Demo-size Sample Dataset
For demos, you can build a small sample DB from the prepared public DB.
uv run python scripts/build_public_sanctions_demo_sample.py \
--source-db data/processed/public_eval.duckdb \
--demo-db data/demo/public_eval_demo.duckdb \
--max-rows 300
This is useful for fast demos and local smoke checks without full-size ingestion.
The data/demo/ folder is intended to be committed to Git as portable demo fixtures.
Bundled dashboard fixture:
data/demo/candidate_watchlist_demo.parquet
To load it into the dashboard input path quickly:
uv run python scripts/use_demo_watchlist.py --backup
Main-merge Integration Batch (Known-case Check)
Run a medium-scale batch that:
- Reuses (or refreshes) the public sanctions DB.
- Runs multi-region pipeline output generation.
- Builds public-overlap labels per region.
- Executes backtesting and verifies a minimum known-case floor.
Local equivalent run:
uv run python scripts/run_public_backtest_batch.py \
--regions singapore,japan,middleeast,europe,gulf \
--gdelt-days 14 \
--seed-dummy \
--max-known-cases 200 \
--min-known-cases 30 \
--strict-known-cases
Outputs:
data/processed/evaluation_manifest_public_integration.jsondata/processed/backtest_report_public_integration.jsondata/processed/backtest_public_integration_summary.jsondata/processed/eval_labels_public_*_integration.csv
GitHub Actions workflow:
.github/workflows/public-backtest-integration.yml
Execution policy:
- This integration batch runs automatically on
pushtomain(post-merge). - It is not scheduled as a nightly cron job.
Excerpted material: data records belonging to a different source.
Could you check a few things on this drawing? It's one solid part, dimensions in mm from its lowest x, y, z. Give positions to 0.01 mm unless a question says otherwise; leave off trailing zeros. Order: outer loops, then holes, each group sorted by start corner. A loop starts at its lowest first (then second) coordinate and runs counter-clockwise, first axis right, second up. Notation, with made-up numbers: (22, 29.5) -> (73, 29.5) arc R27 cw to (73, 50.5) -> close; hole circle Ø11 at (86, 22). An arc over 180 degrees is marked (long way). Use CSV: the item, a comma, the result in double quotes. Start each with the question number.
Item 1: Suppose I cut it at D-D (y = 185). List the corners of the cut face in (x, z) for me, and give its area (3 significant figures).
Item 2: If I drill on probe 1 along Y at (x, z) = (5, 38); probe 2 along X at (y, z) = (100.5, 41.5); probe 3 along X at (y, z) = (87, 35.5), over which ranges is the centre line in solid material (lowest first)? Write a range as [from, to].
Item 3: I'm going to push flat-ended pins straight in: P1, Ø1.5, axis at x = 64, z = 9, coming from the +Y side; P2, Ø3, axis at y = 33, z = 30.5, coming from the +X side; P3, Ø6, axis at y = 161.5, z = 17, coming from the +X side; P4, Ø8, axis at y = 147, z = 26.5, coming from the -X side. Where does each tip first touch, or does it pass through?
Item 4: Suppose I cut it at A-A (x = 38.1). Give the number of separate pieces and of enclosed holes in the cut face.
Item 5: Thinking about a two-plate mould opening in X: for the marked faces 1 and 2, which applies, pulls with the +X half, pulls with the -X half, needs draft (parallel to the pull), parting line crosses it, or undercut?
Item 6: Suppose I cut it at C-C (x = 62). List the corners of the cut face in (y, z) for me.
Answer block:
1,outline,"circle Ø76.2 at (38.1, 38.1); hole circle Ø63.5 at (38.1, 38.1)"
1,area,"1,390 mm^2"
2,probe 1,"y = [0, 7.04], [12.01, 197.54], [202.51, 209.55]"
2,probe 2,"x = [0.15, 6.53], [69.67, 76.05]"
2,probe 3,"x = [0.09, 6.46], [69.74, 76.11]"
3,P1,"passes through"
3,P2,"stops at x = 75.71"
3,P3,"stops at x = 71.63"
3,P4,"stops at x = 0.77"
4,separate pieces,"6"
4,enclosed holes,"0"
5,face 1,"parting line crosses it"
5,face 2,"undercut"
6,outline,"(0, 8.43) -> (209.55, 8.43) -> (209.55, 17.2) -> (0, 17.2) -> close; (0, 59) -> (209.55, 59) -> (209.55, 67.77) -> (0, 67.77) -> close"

If your target is "tens to hundreds" of known cases, tune:
--max-known-cases(upper cap)--min-known-cases(required floor)--regionsand--gdelt-days(candidate pool breadth)
What this test checks:
- Public sanctions data is downloadable and loadable into DuckDB.
- Labels can be derived from practical positive-label sources (OFAC/UN/EU-like tags).
- Backtest report includes:
source_positive_coverage.matched_total(found by algorithm output overlap)source_positive_coverage.missed_total(publicly identified positives not found)
Boundary reminder:
- Cases not publicly identified/caught are outside strict pass/fail ground truth.
- This test evaluates detection of publicly evidenced cases, which is the reliable scope for open-data validation.